Capability GCP AWS Azure
ML Platform Vertex AI SageMaker Azure ML
Training Jobs Vertex Training SageMaker Training Azure ML Jobs
Feature Store Vertex Feature Store SageMaker Feature Store Azure Feature Store
Pipelines Vertex Pipelines SageMaker Pipelines Azure ML Pipelines
Model Registry Vertex Model Registry SageMaker Registry Azure ML Registry
Online Serving Vertex Endpoints SageMaker Endpoints Azure Online Endpoints
Monitoring Vertex Model Monitoring SageMaker Model Monitor Azure ML Monitoring

Key interview insight:
Most ML failures come from data + serving, not modeling.

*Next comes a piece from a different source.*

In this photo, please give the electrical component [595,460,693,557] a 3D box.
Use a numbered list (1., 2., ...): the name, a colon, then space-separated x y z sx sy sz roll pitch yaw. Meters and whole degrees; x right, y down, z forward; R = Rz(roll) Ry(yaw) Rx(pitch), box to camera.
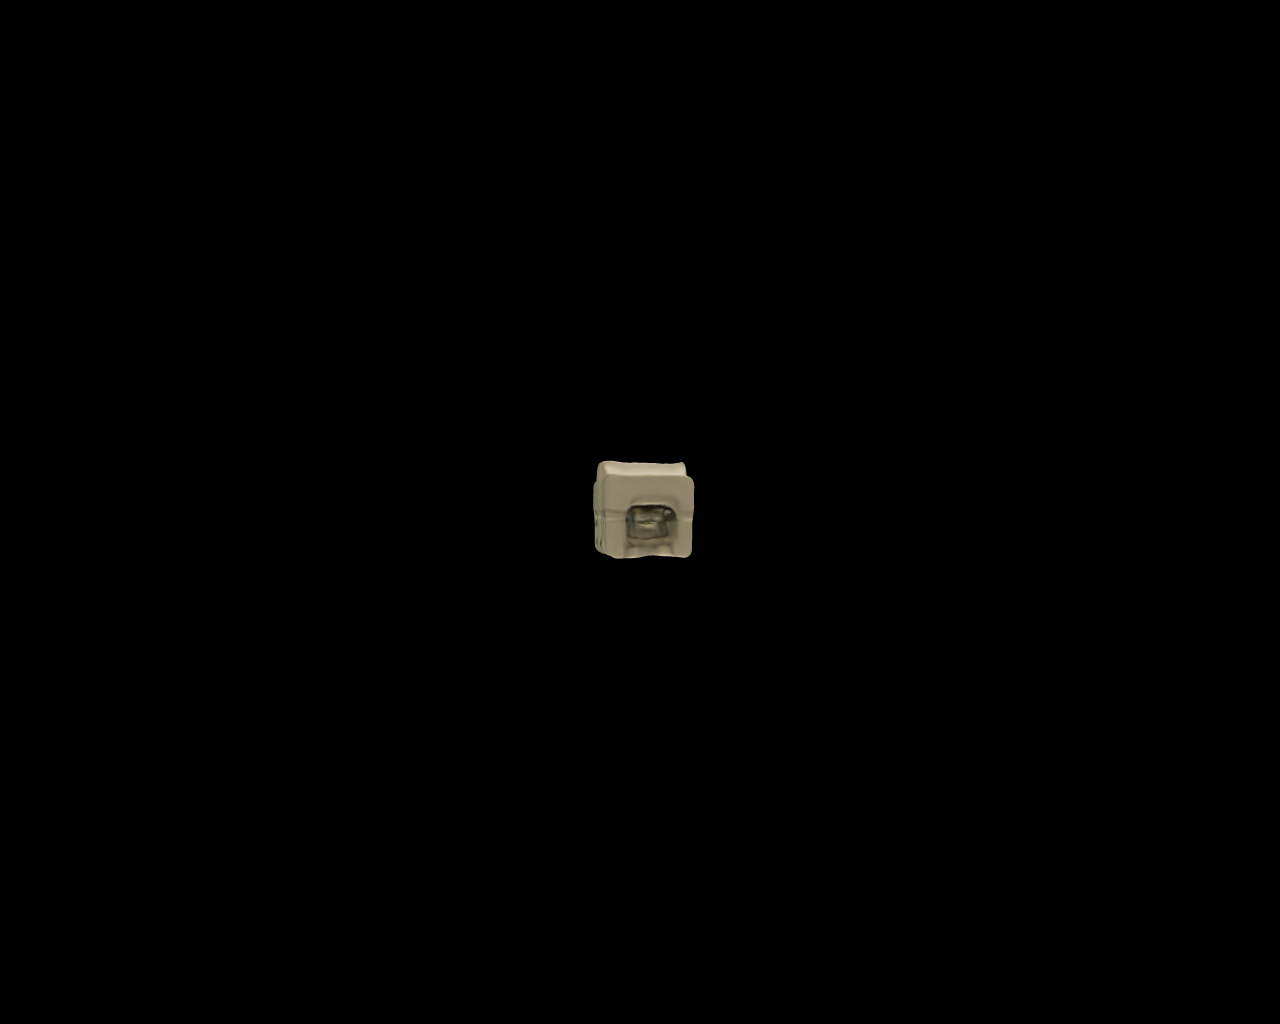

How I Reason Across Clouds (Interview Framing)

Instead of saying:

“I’d use BigQuery”

Say:

“I’d use a managed columnar data warehouse (BigQuery / Redshift) optimized for analytical queries.”

Instead of:

“We use SageMaker”

Say:

“We use a managed ML platform for training, registry, deployment, and monitoring.”


Cloud Selection Heuristics

  • GCP: Strongest for analytics & ML-native workflows
  • AWS: Broadest ecosystem, best for infra-heavy systems
  • Azure: Strong enterprise integration, identity-first

In interviews, emphasize trade-offs, not preferences.


TL;DR Mental Model

All clouds provide the same primitives:

Compute · Storage · Network · Data · ML · Observability

If you can reason at that level, service names are just details.


This cheatsheet is intended for ML system design interviews and real-world architecture discussions.